X = trees_data_predictors.iloc[:, 2:].values  #predictors
Y = trees_data_predictors.iloc[:, 1].values #response variable
feat = trees_data_predictors.iloc[:, 2:].columns.values #predictors names

[78]:

X.shape

[78]:

(17875, 36)

[79]:

Y.shape

[79]:

(17875,)

[80]:

feat

[80]:

array(['n_years', 'G', 'D', 'V', 'Species', 'n_tr', 'n_sp', 'dom_sp',
'perc_Jd', 'perc_Sw', 'perc_Bk', 'slope', 'exp', 'bedrock', 'soil',
'hab_type', 'phyto_cmp', 'x', 'y', 'h', 'Aspect_min', 'Aspect_max',
'Aspect_mean', 'Aspect_std', 'Slope_min', 'Slope_max',
'Slope_mean', 'Slope_std', 'TWI_min', 'TWI_max', 'TWI_mean',
'TWI_std', 'VHM_min', 'VHM_max', 'VHM_mean', 'VHM_std'],
dtype=object)

[81]:

#Create 4 dataset for training and testing the algorithm
X_train, X_test, Y_train, Y_test = train_test_split(X, Y, test_size=0.5, random_state=24)
y_train = np.ravel(Y_train)
y_test = np.ravel(Y_test)

#Create a Gaussian Classifier
clf = RandomForestClassifier(n_estimators=100, #the number of trees
min_samples_leaf = 5, #minimum number of samples required to be at a leaf node
max_features = 'auto') #the number of features to consider when looking for the best split;
#'auto' -> max_features=sqrt(n_features)

#Train the model using the training sets y_pred=clf.predict(X_test)
clf.fit(X_train,y_train)
y_pred=clf.predict(X_test)

# Model Accuracy and ROC AUC -> how often is the classifier correct?
print("Accuracy:",metrics.accuracy_score(y_test, y_pred))
print("ROC AUC:",metrics.roc_auc_score(y_test, y_pred))

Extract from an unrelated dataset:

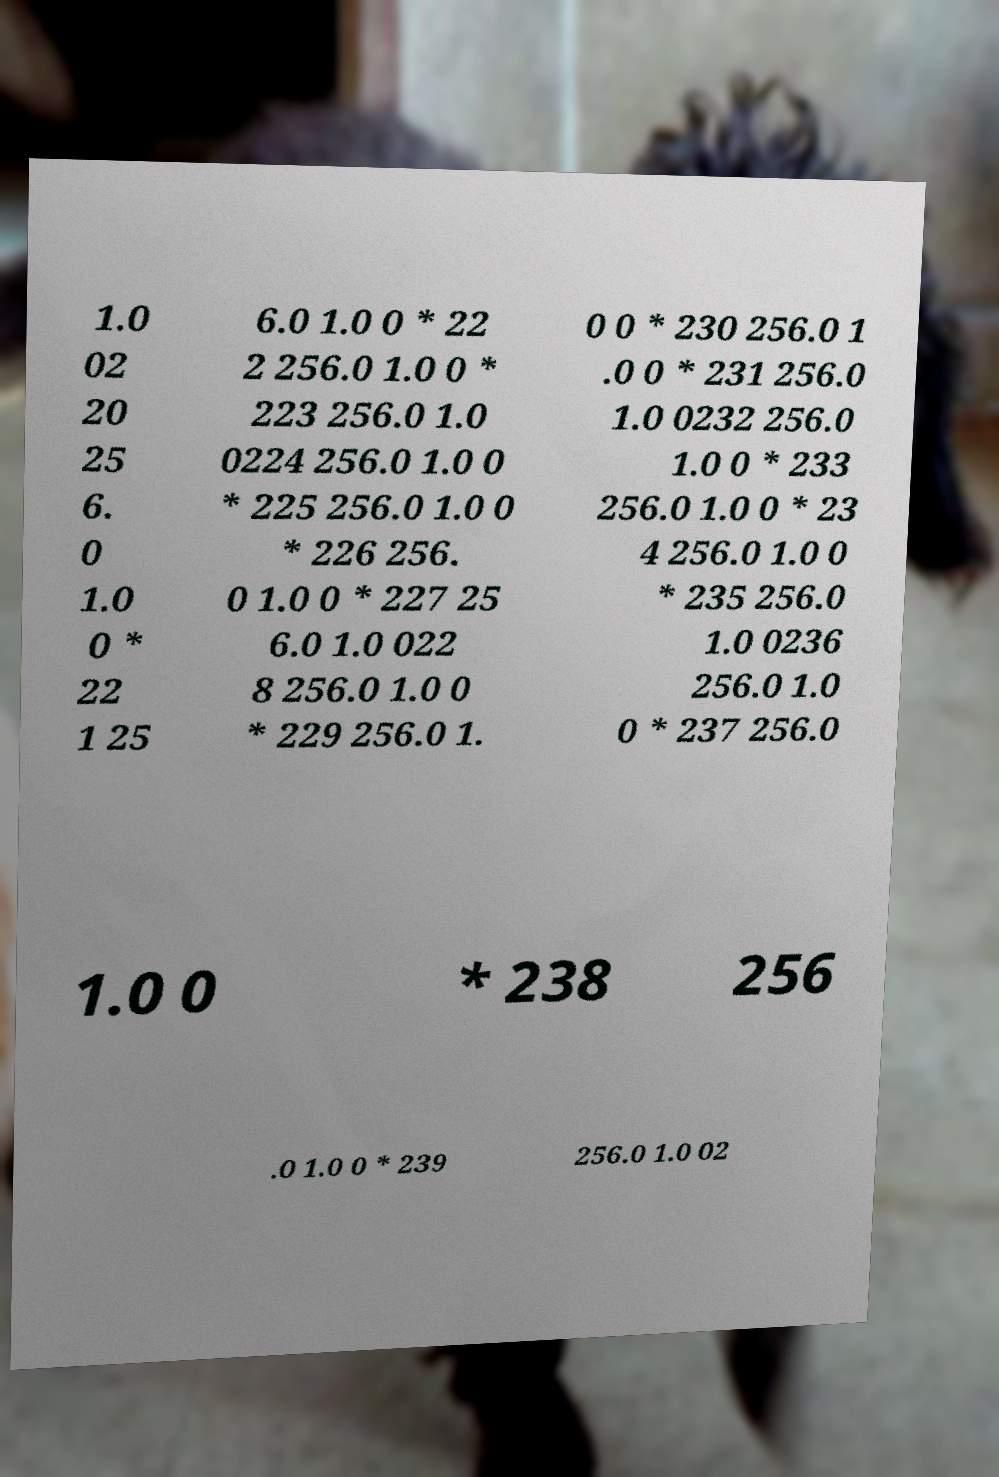For documentation purposes, I need the text within this image transcribed. Could you provide that? 1.0 02 20 25 6. 0 1.0 0 * 22 1 25 6.0 1.0 0 * 22 2 256.0 1.0 0 * 223 256.0 1.0 0224 256.0 1.0 0 * 225 256.0 1.0 0 * 226 256. 0 1.0 0 * 227 25 6.0 1.0 022 8 256.0 1.0 0 * 229 256.0 1. 0 0 * 230 256.0 1 .0 0 * 231 256.0 1.0 0232 256.0 1.0 0 * 233 256.0 1.0 0 * 23 4 256.0 1.0 0 * 235 256.0 1.0 0236 256.0 1.0 0 * 237 256.0 1.0 0 * 238 256 .0 1.0 0 * 239 256.0 1.0 02

Accuracy: 0.9025509062430074
ROC AUC: 0.8402930583063716

[82]:

#check feature importance
impt = [clf.feature_importances_, np.std([tree.feature_importances_ for tree in clf.estimators_],axis=1)]
ind = np.argsort(impt[0])

#plot the importance of predictors
plt.rcParams["figure.figsize"] = (6,12)
plt.barh(range(len(feat)),impt[0][ind],color="limegreen")
plt.yticks(range(len(feat)),feat[ind]);


Summary

• Applied parameters of Random Forest allowed achieving high accuracy (above 0.9). However, different RF parameters may be tested to check model performance. The choice of predictors should also be reconsidered and different combinations of predictors can be tested.

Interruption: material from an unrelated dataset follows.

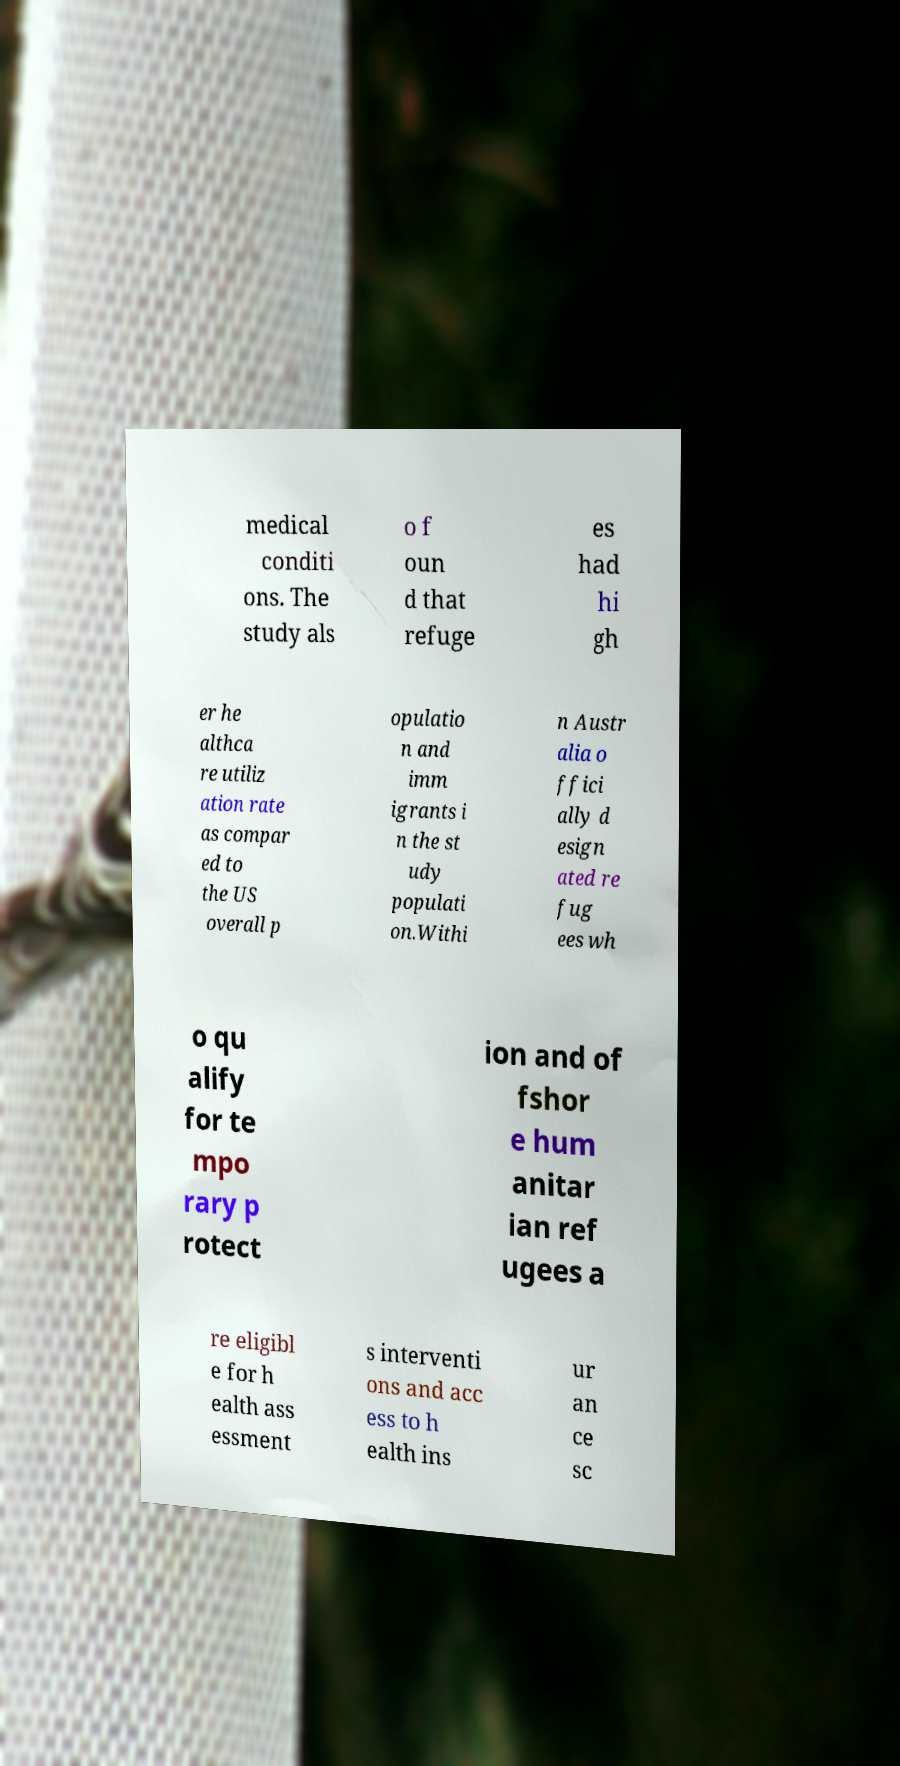Please identify and transcribe the text found in this image. medical conditi ons. The study als o f oun d that refuge es had hi gh er he althca re utiliz ation rate as compar ed to the US overall p opulatio n and imm igrants i n the st udy populati on.Withi n Austr alia o ffici ally d esign ated re fug ees wh o qu alify for te mpo rary p rotect ion and of fshor e hum anitar ian ref ugees a re eligibl e for h ealth ass essment s interventi ons and acc ess to h ealth ins ur an ce sc

• The most important predictors are the minimal number of years, in which the tree was growing (n_years), species, and single tree parameters (V, D, G). This may prove, that older trees are much more prone to damage.

• Terrain parameters seem to not exert significant influence on tree damages.

• In the future other machine learning algorithms might be tested to model tree damage on this dataset.